Zamanda Yolculuk: Mamallapuram’ın Kayalara Oyulmuş Büyüleyici Tapınaklar

Tamil Nadu’nun kıyısında, tarih ve taşın iç içe geçtiği Mamallapuram’daki antik Hindu tapınakları, UNESCO tarafından dünya mirası olarak korunuyor.

Abone Ol

Güney Hindistan’ın Tamil Nadu eyaletinin Chengalpattu ilçesine bağlı Mamallapuram (diğer adıyla Mahabalipuram), yalnızca doğal güzellikleriyle değil, aynı zamanda taşı sanata dönüştüren binlerce yıllık anıtlarıyla da dikkat çekiyor.
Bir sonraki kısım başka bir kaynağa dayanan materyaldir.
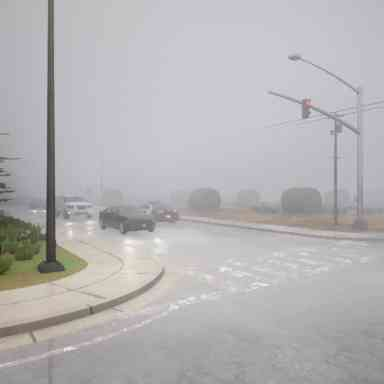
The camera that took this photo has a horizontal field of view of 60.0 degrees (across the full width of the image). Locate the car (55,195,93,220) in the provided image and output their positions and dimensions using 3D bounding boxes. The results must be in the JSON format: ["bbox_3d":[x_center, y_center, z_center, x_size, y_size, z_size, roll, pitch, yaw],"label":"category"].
[{"bbox_3d":[-10.541,1.251,29.300,2.150,2.045,5.566,0,0,-35],"label":"car"}]

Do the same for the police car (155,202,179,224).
[{"bbox_3d":[-2.982,1.536,24.652,2.038,1.542,4.974,0,0,-34],"label":"police car"}]

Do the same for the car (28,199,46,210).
[{"bbox_3d":[-19.797,1.594,42.898,1.994,1.385,4.181,0,0,-34],"label":"car"}]

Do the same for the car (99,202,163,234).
[{"bbox_3d":[-3.936,1.505,19.679,1.882,1.535,5.008,0,0,-34],"label":"car"}]
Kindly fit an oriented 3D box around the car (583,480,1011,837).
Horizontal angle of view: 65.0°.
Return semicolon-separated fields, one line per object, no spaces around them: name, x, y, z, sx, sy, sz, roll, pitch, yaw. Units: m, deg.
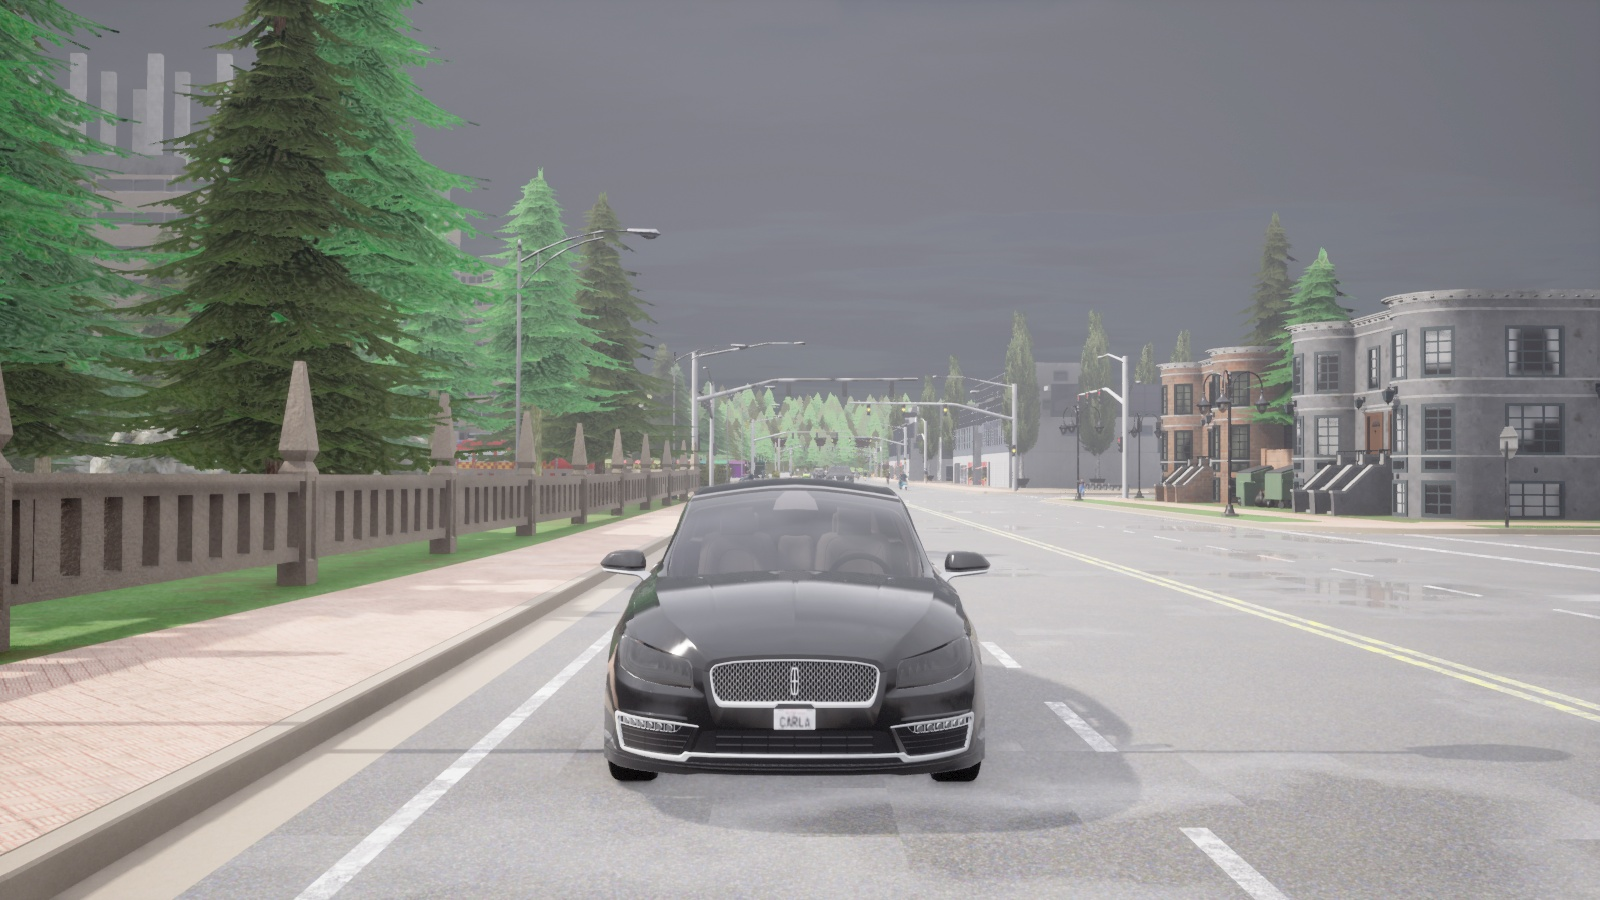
car;-0.021;0.951;7.848;1.837;1.490;4.892;0;-1;0

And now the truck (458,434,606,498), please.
truck;-16.340;1.006;77.079;8.468;3.827;2.891;0;-1;0

Bengal Körfezi'nin kıyısında yer alan bu tarihi şehir, 7. ve 8. yüzyıllarda Pallava Hanedanı döneminde inşa edilen eşsiz Hindu anıtlarıyla tanınıyor.

Taşta Hayat Bulan Miras

Mamallapuram, taş ustalığının zirveye ulaştığı yerlerden biri olarak kabul ediliyor. Bölgedeki anıtlar ve tapınaklar, tek parça kayalara oyulmuş yapılarıyla dikkat çekerken, Dravidian mimarisinin ilk örneklerini gözler önüne seriyor. Arjuna’nın Kefareti adlı devasa kaya rölyefi, Pancha Rathas (Beş Arabalı Tapınak), Krishna’nın Masalı, Mağara Tapınakları ve ünlü Kıyı Tapınağı (Shore Temple), bölgenin en çarpıcı yapılarından sadece birkaçı.
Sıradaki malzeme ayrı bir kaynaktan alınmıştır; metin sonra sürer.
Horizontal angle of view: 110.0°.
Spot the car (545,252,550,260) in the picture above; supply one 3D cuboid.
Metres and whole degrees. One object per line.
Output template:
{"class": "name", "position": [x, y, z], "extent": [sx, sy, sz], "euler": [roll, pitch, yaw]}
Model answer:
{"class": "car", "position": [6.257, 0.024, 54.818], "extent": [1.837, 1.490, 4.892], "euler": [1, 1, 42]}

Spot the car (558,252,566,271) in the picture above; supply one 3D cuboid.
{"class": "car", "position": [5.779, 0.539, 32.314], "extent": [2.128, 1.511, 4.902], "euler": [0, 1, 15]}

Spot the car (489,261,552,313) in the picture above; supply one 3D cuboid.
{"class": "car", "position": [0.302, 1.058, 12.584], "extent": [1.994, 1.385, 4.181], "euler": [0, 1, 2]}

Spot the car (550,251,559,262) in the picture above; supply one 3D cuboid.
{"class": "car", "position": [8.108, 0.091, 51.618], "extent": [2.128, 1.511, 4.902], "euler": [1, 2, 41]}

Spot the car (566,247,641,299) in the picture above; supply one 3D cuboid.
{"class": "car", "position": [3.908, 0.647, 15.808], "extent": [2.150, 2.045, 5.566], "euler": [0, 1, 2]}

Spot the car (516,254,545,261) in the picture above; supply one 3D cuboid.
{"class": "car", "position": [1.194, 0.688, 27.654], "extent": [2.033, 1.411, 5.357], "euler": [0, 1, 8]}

Bu yapılar sadece estetik anlamda değil, kültürel ve dini açıdan da büyük bir öneme sahip. Her biri, Hindu mitolojisinin önemli sahnelerini betimlerken, dönemin sanatsal ve mimari birikimini de yansıtıyor.

UNESCO Korumasında Bir Dünya Mirası

Mamallapuram’daki bu etkileyici anıt grubu, 1984 yılında UNESCO Dünya Mirası Listesi’ne alınarak küresel ölçekte koruma altına alındı. UNESCO, bu kararı alırken bölgedeki yapıların “olağanüstü evrensel değer” taşıdığını ve insanlık tarihine ışık tuttuğunu vurguladı.

Bugün Mamallapuram, hem tarih tutkunları hem de mimari meraklıları için adeta açık hava müzesi niteliğinde. Her yıl binlerce turistin ziyaret ettiği bölge, Hindistan'ın kültürel turizmine de önemli katkılar sağlıyor.

Zamana Direnen Taşlar

Mamallapuram anıtları, yüzyıllar boyunca depremlere, rüzgârlara ve tuzlu deniz havasına karşı direnerek günümüze kadar ulaşmayı başardı. Bu yönüyle de sadece kültürel değil, aynı zamanda mühendislik açısından da etkileyici bir başarıyı temsil ediyor.

Pallava hükümdarlarının bu anıtları yaptırırken dini olduğu kadar sanatsal bir motivasyonla hareket ettikleri düşünülüyor. Özellikle kayaya oyma tekniğiyle yaratılan sahneler, dönemin heykeltraşlık sanatının geldiği noktayı çarpıcı biçimde gözler önüne seriyor.